Rates Continue to Plunge

According to Frank Nothaft, VP of Freddie Mac, 30-year mortgage rates averaged 3.83 percent during the first part of May and have rested under 4 percent for all but one week since December. Affordable rates have combined with descending home prices to generate a veritable buyer’s paradise throughout much of the country; however, sales have remained stagnant, thanks to strict lending requirements.

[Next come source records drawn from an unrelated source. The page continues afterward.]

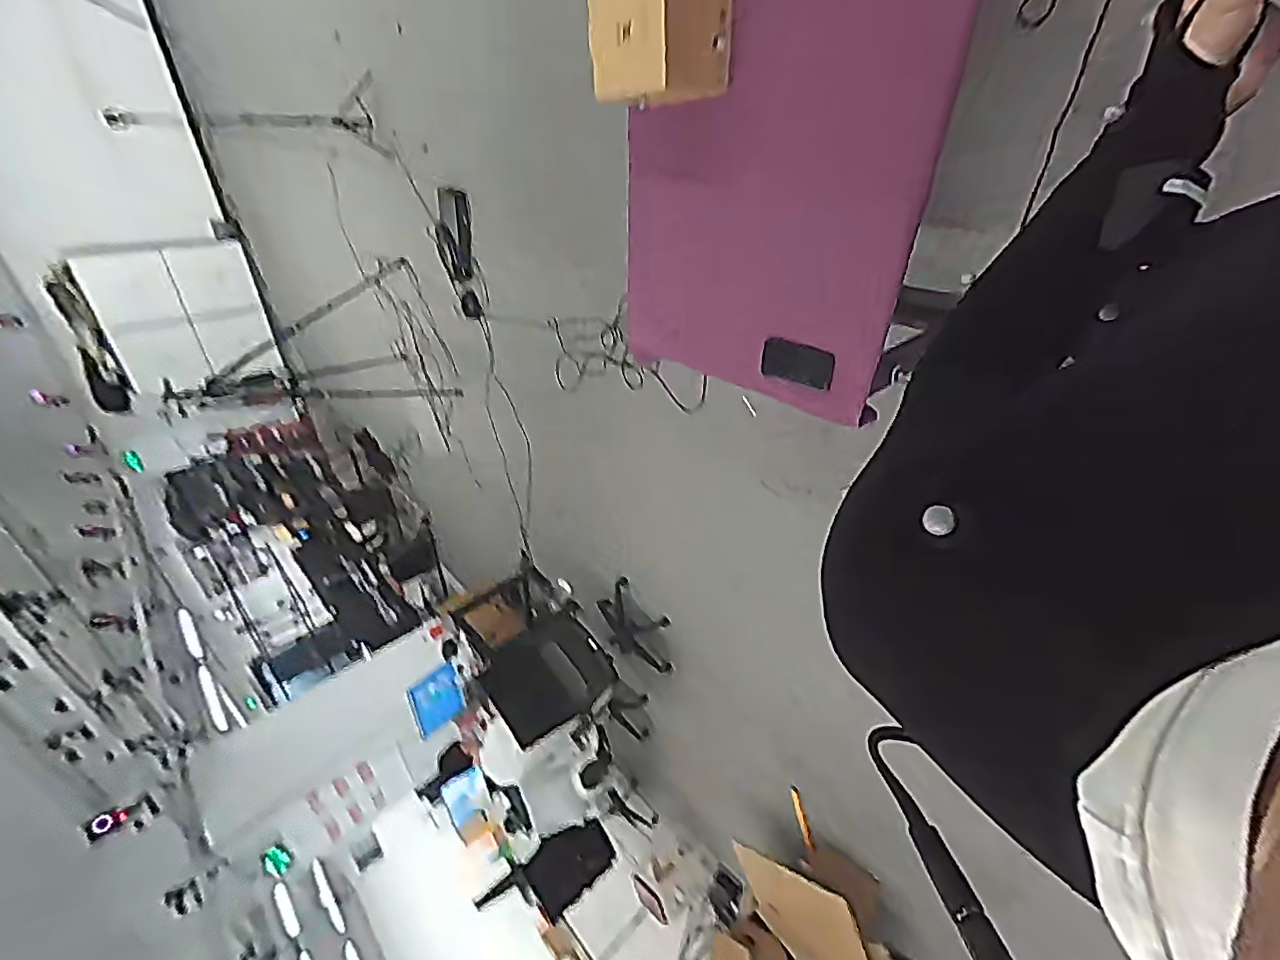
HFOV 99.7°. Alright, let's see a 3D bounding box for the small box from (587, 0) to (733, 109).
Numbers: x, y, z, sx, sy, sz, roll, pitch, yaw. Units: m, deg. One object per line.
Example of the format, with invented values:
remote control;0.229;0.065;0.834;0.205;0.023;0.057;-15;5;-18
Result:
small box;0.033;-0.732;0.910;0.179;0.176;0.168;26;131;39
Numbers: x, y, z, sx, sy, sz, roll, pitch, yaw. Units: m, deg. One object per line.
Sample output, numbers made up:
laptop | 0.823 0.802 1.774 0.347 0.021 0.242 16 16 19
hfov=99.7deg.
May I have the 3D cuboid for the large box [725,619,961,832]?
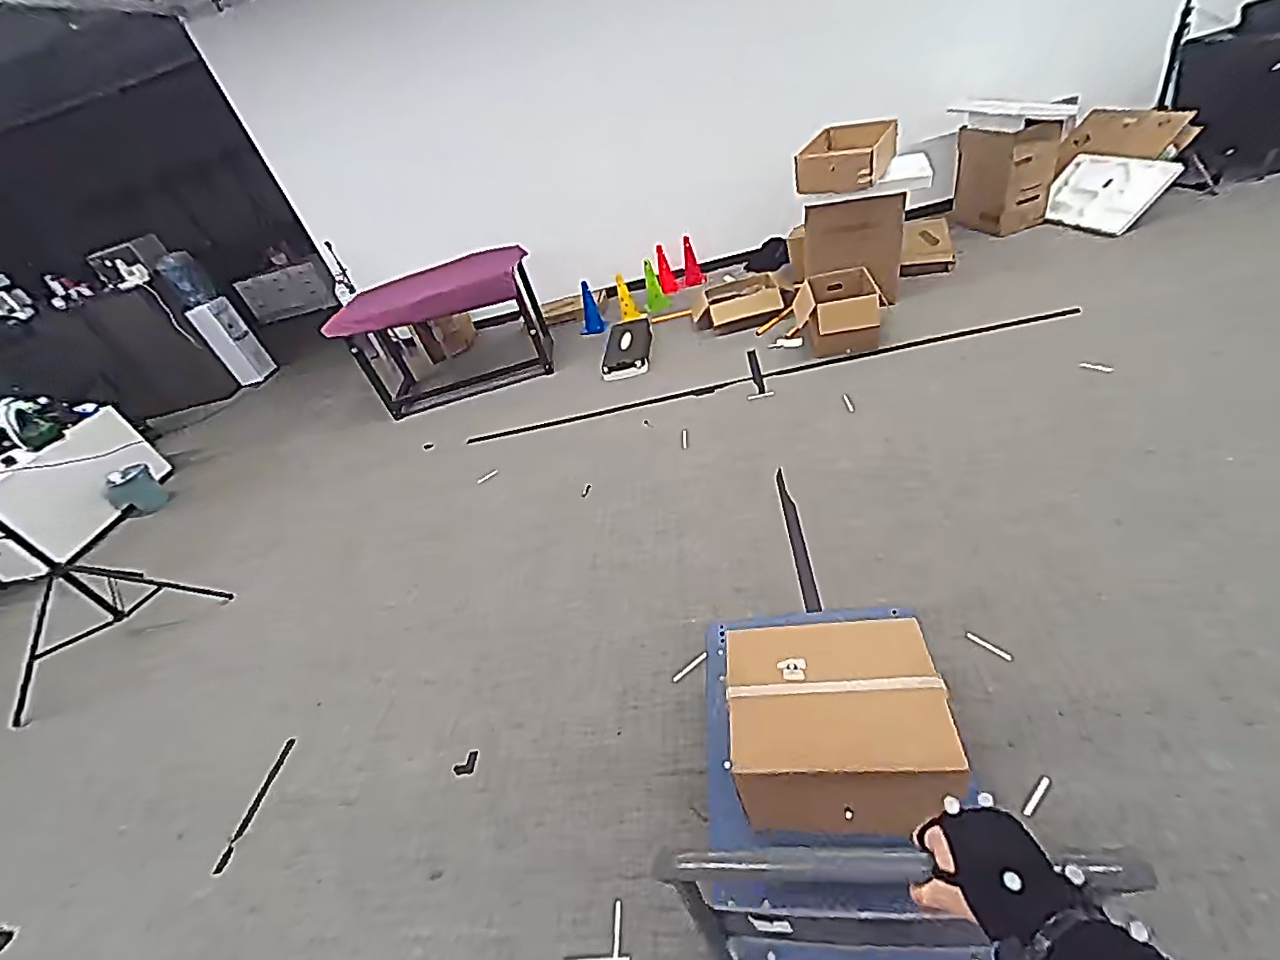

These days, banks will only provide loans to borrowers who meet specific standards. Both the federal government and National Association of Realtors have tried to convince lenders to loosen their restrictions; unfortunately, the so-called freeze-out has continued. If you have a good job, good credit and enough loose cash to put toward a hefty down payment; you can get a very nice home at an amazing price. That said, if you don’t have all three, you aren’t likely to get approved for a mortgage.

Who is Taking Advantage

Although buyers are struggling to take advantage of low mortgage rates, many existing homeowners are having a field day. Mortgage refinance is more popular than ever, with many homeowners saving a bundle by switching their 30-year loans to 15-year plans and vice versa.

According to Freddie Mac, 15-year mortgage rates averaged 3.05 percent during the first part of May, down .75 percent from the same time in 2011. If you are doing well financially, you can save a bundle on interest fees by switching from a 30-year mortgage to a 15-year plan. On the other hand, if you already have a 15-year loan, you can lessen your monthly payments by switching over to a 30-year plan.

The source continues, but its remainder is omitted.